When I was younger, I basically wrote off the entire genre of metal. It was what the weird kids who hung about outside the Gallery of Modern Art (Glasgow) listened to. Indecipherable growly vocals, no melody, unpleasant to listen too. At the age of 40, I opened my mind a bit - and discovered Nightwish, who I'd previously written off as a bit of gimmick - an opera singer with metal band, doing Gary Moore, Pink Floyd and Lloyd Webber covers. I think their current vocalist, Floor Jansen, is incredible - and I love their slightly progressive take on things. They've led me towards similar acts - Epica and Gloryhammer for example. I still can't handle bands that exclusively use growly vocals though.

I used to think Muse were a poor-man's Radiohead. Until seeing them live at the Radio One Big Weekend in Dundee and realising that Chris Wolstenholme is in fact a demon, and their songs were great. One of my favourite bands these days. On a related note, I find Radiohead incredibly difficult to listen to now.
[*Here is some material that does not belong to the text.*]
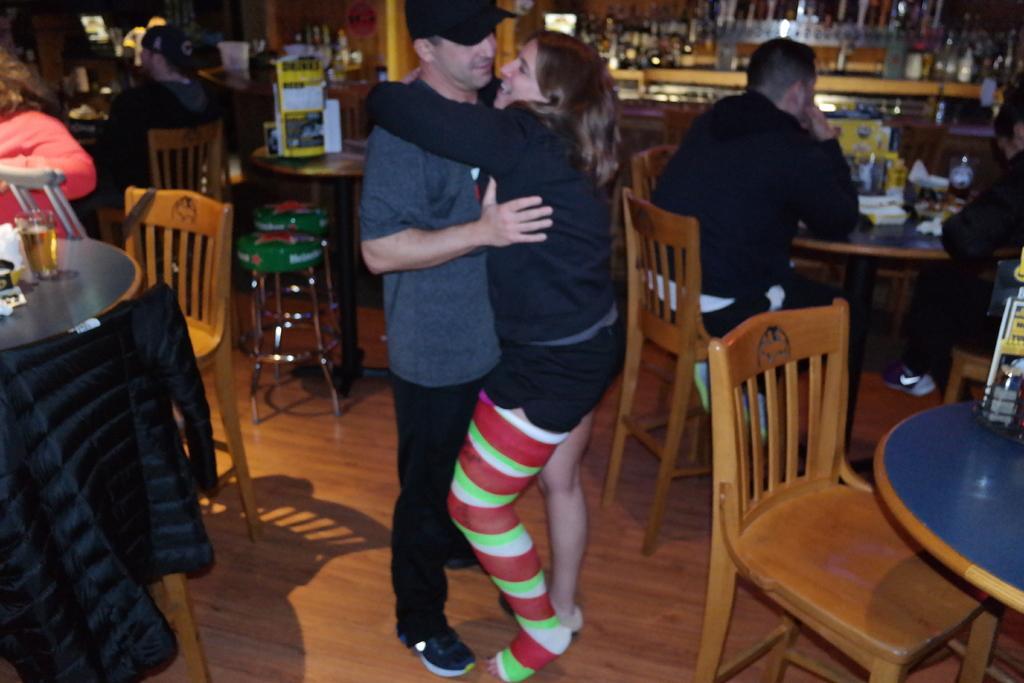In one or two sentences, can you explain what this image depicts? Here is the women and men standing. I can see some chairs. These are the two stools. This is a table with some things on it. I can see few people sitting on the chairs. This is the jerking on the chair.

Like many my age, I used to love Oasis. I can't listen to them now, though I do enjoy playing their stuff with the pub band - punters do love them. Lots of their contemporaries are in the same boat here - Manics, Stereophonics etc. I don't actively dislike them - I just never listen to that kind of thing now. I also used to listen to a bit of dance music, especially when pre-loading before going to a club. Never happens now!

Overall, you could summarise it by saying that I now put more value on good musicianship and a good song - whereas as a kid there was an element of listening to what was fashionable.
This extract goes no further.